New film addresses rebellious teenagers

12:43 by Kaggwa Andrew
For a long time many education activists have attacked the current school carriculums for being too serious. In a rather distasteful tone, they remind us of days when schools like Old Kampala fed the national football team with fresh talent and as well as others like Namasagali, Buddo Kings College and St. Balikudembe Mitala Maria providing the entertainment scene with reknown names like Seanice Kacungira, Ngoni duo and Afri-Talent’s Bwanika Charles.
Such days are long gone since schools these days only care about academics and later appearing in newspapers when results are released.
However some people like joseph Kenneth Ssebagala, a Ugandan film maker with Zenkens Films is thinking different.
After experiencing vibrant arts at Buddo Secondary School in the early 2000s, he thought it a better idea to revisit the school that made him when he was making his debut short film, Nico the Donkey for Raising Voices.
Unfortunately, the secondary section didn’t have the character he needed thus the school directors pushed him to work with their sister primary section. As a result, the film was screened at many festivals and even going on as far as becoming one of the first local films screened at the state of art New century Cinema at Acacia mall.
Because of this success, Ssebagala gathered more confidence to ask the school management to let him do a full length film, this time with the secondary section and that was the genesis of his Reform.
The story follows a high school celebrity struggling to regain his fame after serving a couple of handy work punishments and being forced into the readers’ (losers) club.
The storyline is fresh and quite breath taking, Ssebagala tries his hands on a rather delicate matter that few artistes have tackled with grace – teenage relationships.
This is the only Ugandan film you will watch without such relationships being demonized. judging by the two and half minute trailer, the films lashes out at unruly characters students tend to look at as ‘cool’ in school but in turn, calls for health teenage relationships mostly built on progress, trust and religious values.
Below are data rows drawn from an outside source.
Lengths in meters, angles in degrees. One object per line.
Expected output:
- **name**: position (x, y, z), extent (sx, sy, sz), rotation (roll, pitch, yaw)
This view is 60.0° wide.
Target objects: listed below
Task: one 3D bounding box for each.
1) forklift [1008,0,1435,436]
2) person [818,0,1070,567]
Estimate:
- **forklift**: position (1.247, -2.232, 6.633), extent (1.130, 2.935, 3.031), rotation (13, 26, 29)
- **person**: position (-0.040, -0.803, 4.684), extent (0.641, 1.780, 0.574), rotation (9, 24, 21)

Most of the actors in the movie are Buddo SS students who were obviously getting their first acting gig – were they impressive? That’s a question we shall probably answer on Tuesday 13th when the film premieres at the National Theatre.
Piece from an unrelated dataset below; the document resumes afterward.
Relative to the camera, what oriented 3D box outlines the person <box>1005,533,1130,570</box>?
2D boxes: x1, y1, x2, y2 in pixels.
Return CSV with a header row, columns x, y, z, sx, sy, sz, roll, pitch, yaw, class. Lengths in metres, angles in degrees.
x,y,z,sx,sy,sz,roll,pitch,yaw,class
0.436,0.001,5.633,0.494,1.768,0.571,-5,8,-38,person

To boost their confidence nevertheless, the director brought on board some famous faces like Deception’s Charles Kabogoza, who portrays the no nonsense boys warden aptly known as Mr. Adams.
The film can be credited for a very good picture and shoots, according to Ssebagala, this is just one of the first projects he’s doing with Buddo SS but more are yet to come, who knows probably after taking the music, sports and academic scene by storm, the school may now be targeting film.